Antibiotik digunakan untuk mengobati sistitis

Sistitis adalah penyakit urologi yang sangat umum di dunia. Dalam banyak kasus, dasar perkembangannya adalah kerusakan bakteri pada epitelium internal kandung kemih. Oleh karena itu, antibiotik untuk sistitis pada wanita banyak digunakan sebagai obat pilihan dalam patologi ini.

Antibiotik untuk sistitis akut

Sebelum memutuskan antibiotik mana yang diresepkan, dokter yang berpengalaman harus hati-hati memeriksa dan memeriksa pasien. Tes darah dan tes urin direkomendasikan untuk pengiriman diagnosis Cystitis Akut. Namun tidak selalu perlu menetapkan jenis patogen secara tepat. Terapi antibiotik pertama kali dilakukan secara empiris, dan keuntungan diberikan kepada obat spektrum luas dari daftar rekomendasi dari asosiasi ahli urologi. Penting untuk dicatat bahwa hanya dokter yang berhak meresepkan obat antibakteri, dan pengobatan sendiri sering mengarah pada komplikasi.

Untuk waktu yang lama, obat pilihan adalah kotrimoksazol (kombinasi sulfametoksazol dan trimetoprim). Di apotek, diwakili dengan nama "Biseptol", "Oriprim", "Raseptol". Tetapi pemberian obat jangka panjang ini menyebabkan peningkatan resistensi mikroorganisme terhadapnya dan penurunan efektivitas terapi. Oleh karena itu, rekomendasi Eropa modern merekomendasikan penggunaan agen antibakteri lainnya. Pertama-tama, mereka lebih suka:

  • fluoroquinolones (ciprofloxacin, oxyfloxacin);
  • nitrofuranam ("Furadonin");
  • fosfomycin ("Monural").

Perawatan ini dilakukan secara rawat jalan di bawah pengawasan seorang ahli urologi. Beberapa hari setelah dimulainya terapi, analisis diulang. Durasi minimum dari terapi untuk fluoroquinols adalah 3 hari, nitrofuran 7 hari, dan fosfomisin hanya diambil sekali.

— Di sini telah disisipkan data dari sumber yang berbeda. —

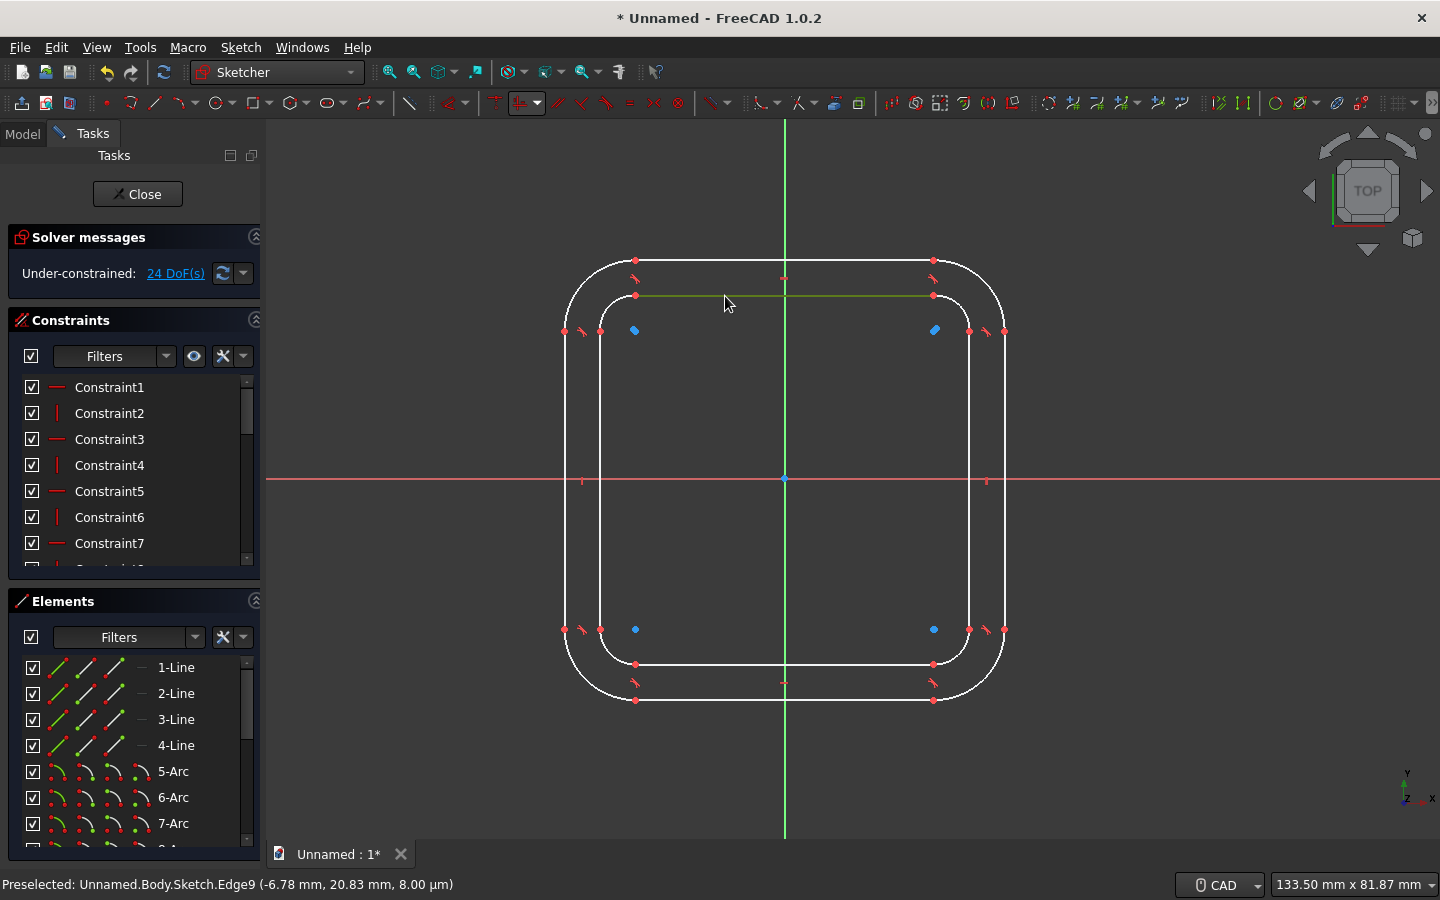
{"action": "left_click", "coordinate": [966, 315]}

Antibiotik untuk sistitis kronis

Ketika infeksi lolos ke tahap kronis, terapi antibiotik empiris tidak dapat diterima. Tanpa gagal, sebelum penunjukan obat antibakteri perlu untuk melakukan pemeriksaan mikrobiologi urin. Ini juga mempelajari ketahanan dari strain bakteri untuk agen terapeutik tertentu. Hal ini memungkinkan dokter yang hadir untuk memilih antibiotik untuk sistitis kronis, yang akan paling efektif untuk pasien tertentu.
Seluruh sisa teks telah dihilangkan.